Ces nouvelles obligations ne remplacent pas les autres dispositions mises en place par l'UE, comme par exemple l'obligation de fournir des pièces détachées pendant 10 ans (ou pendant 7 ans pour certains produits) et françaises comme le Bonus Réparation qui permet de bénéficier d'une réduction.
Ce n'est pas fini, pour une fois qu'une nouvelle réglementation est complète nous n'allons pas nous plaindre, la directive oblige les fabricants à fournir les outils et pièces nécessaires à la réparation (là encore à un tarif raisonnable) et à fournir un appareil de remplacement si le client en fait la demande.

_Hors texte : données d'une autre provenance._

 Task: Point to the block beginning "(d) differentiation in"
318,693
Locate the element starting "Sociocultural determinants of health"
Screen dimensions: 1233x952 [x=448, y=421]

La directive du droit à la réparation va encore plus loin, elle interdit les clauses abusives permettant à un fabricant d'interdire l'utilisation de pièces d'occasion ou créées par impression 3D. Elle interdit également au fabricant de refuser une réparation si le produit a déjà été réparé par un tiers auparavant.
Voilà pour ces bonnes nouvelles, comme nous ne nous gênons pas pour exprimer notre incompréhension quand de nouvelles lois sont votées au détriment des droits des consommateurs, il faut aussi savoir saluer quand une nouvelle réglementation est à notre avantage et celle-ci l'est clairement.

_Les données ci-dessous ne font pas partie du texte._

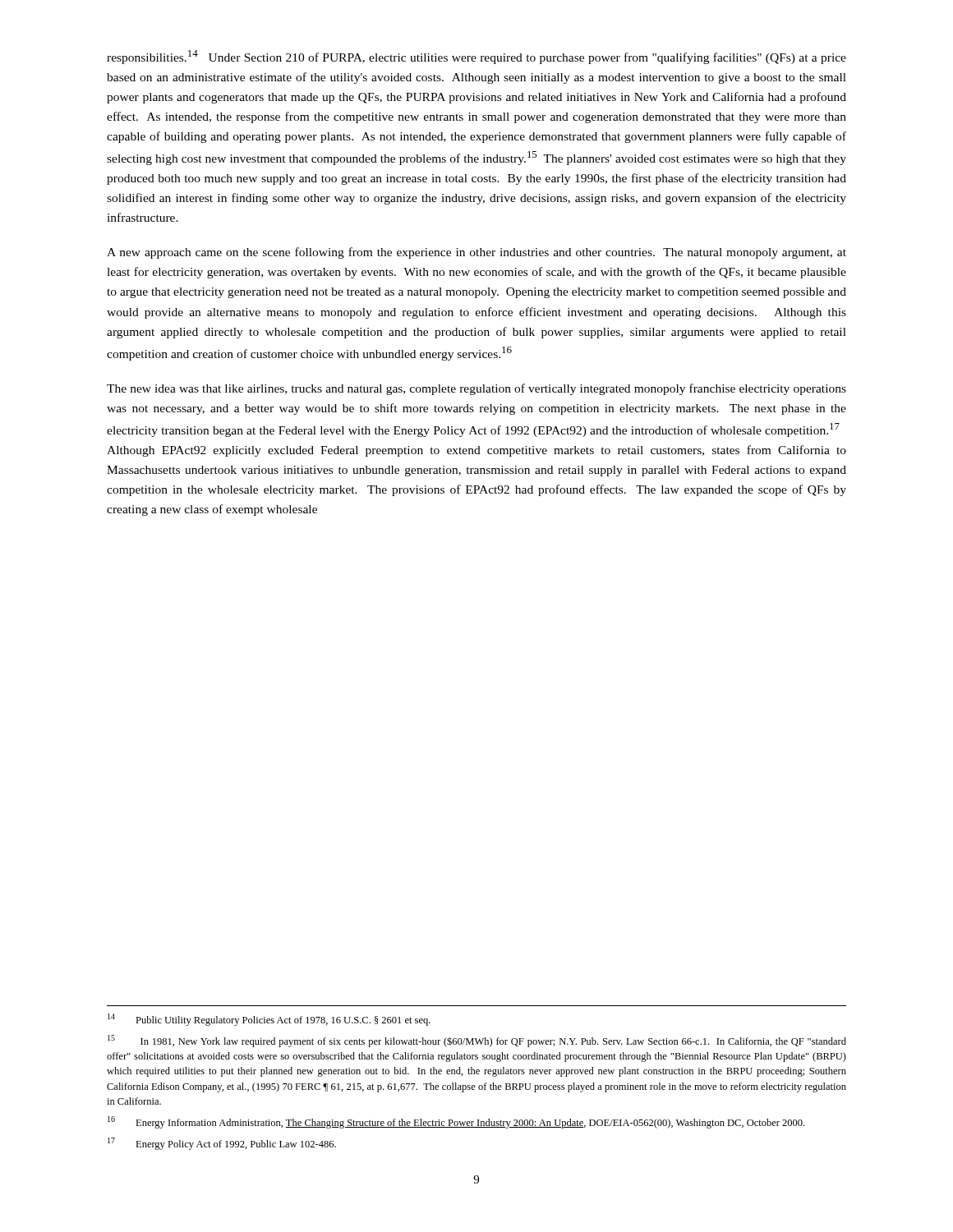Point to the text block starting "14 Public Utility Regulatory"
The height and width of the screenshot is (1232, 953).
[x=269, y=1019]
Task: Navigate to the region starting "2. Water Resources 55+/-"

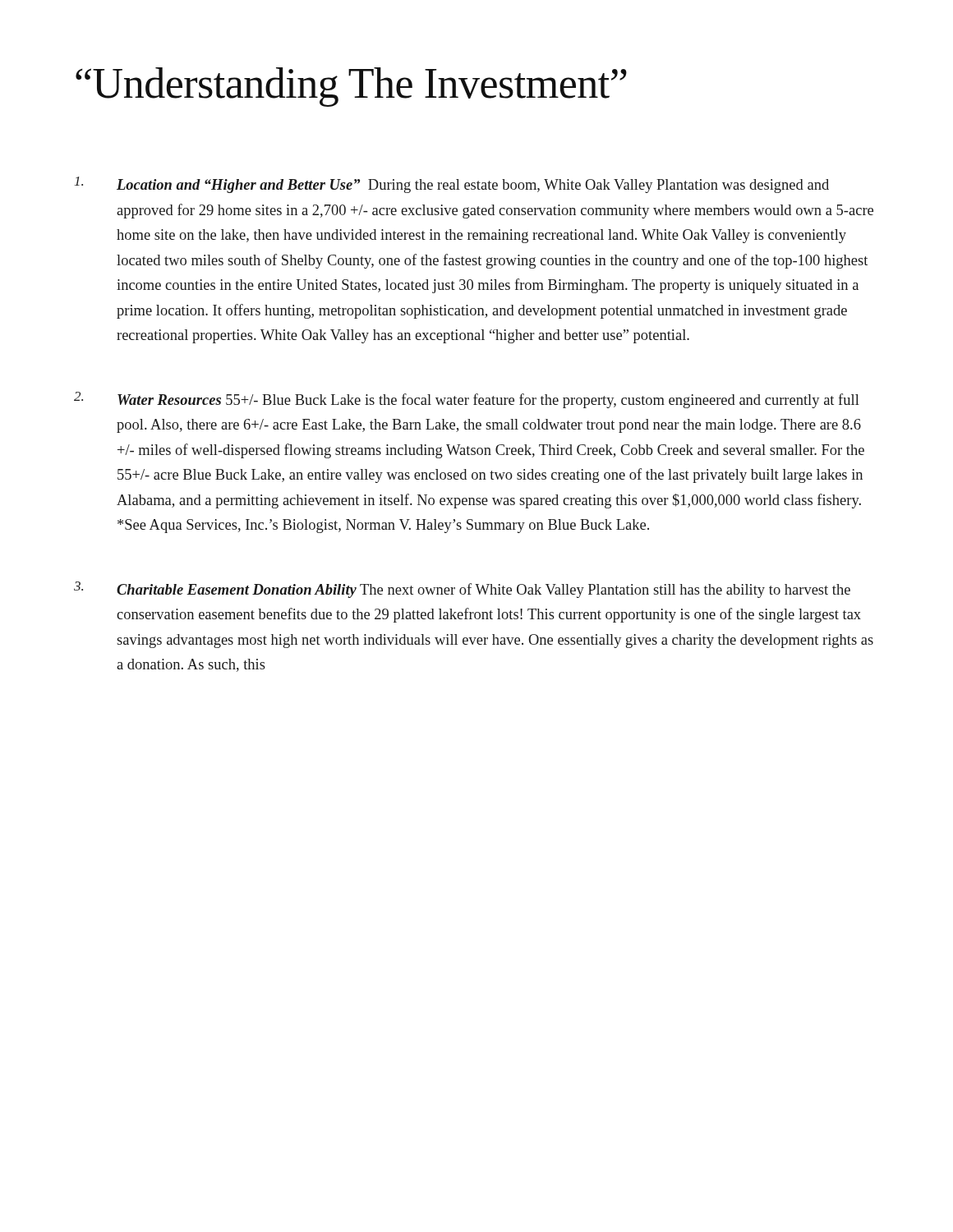Action: coord(476,463)

Attention par contre, comme pour certaines autres réglementations précédentes (indice de réparabilité par exemple) ça ne va pas concerner tous les appareils de votre maison dès cet été malheureusement et d'autres gammes de produits seront ajoutées petit à petit au dispositif.
Sont uniquement concernés pour le moment les smartphones, les tablettes et les téléviseurs, les réfrigérateurs, les lave-linge et les lave-vaisselle. Espérons que les dirigeants n'oublieront pas de faire rentrer de nouvelles gammes d'appareils dans le champ du « droit à la réparation » dans les années qui viennent.
Car pourquoi ne pas ajouter les ordinateurs, les fours ainsi que les congélateurs dès le départ ? Nous n'en savons rien et donc à l'heure actuelle, ou du moins lorsque le dispositif entrera en vigueur à partir du 1er août 2026, son impact restera limité pour les consommateurs.
Cette nouvelle directive vient néanmoins s'ajouter à de précédentes obligations, ensemble elles commencent donc à former un dispositif favorable à la réparation qui soutient l'économie circulaire. Sera-ce suffisant pour inciter les consommateurs à sortir du cercle vicieux de l'économie linéaire ? L'avenir nous le dira.
Bien entendu, le Bonus Réparation mis en place en France est une incitation toute aussi utile, puisqu'il permet de faire baisser le prix des réparations d'environ 20%. Nous le suivons depuis ses débuts et de plus en plus d'appareils électriques ou électroniques son éligibles, comme expliqué dans notre dernier article (lien plus haut).
Néanmoins tous ces dispositifs restent plus avantageux pour le gros électroménager, l'informatique (au sens large du terme) ou quelques outils électroportatifs onéreux que pour le petit électroménager de cuisine ou de beauté par contre, il reste encore des axes à travailler mais tout ça va dans le bon sens.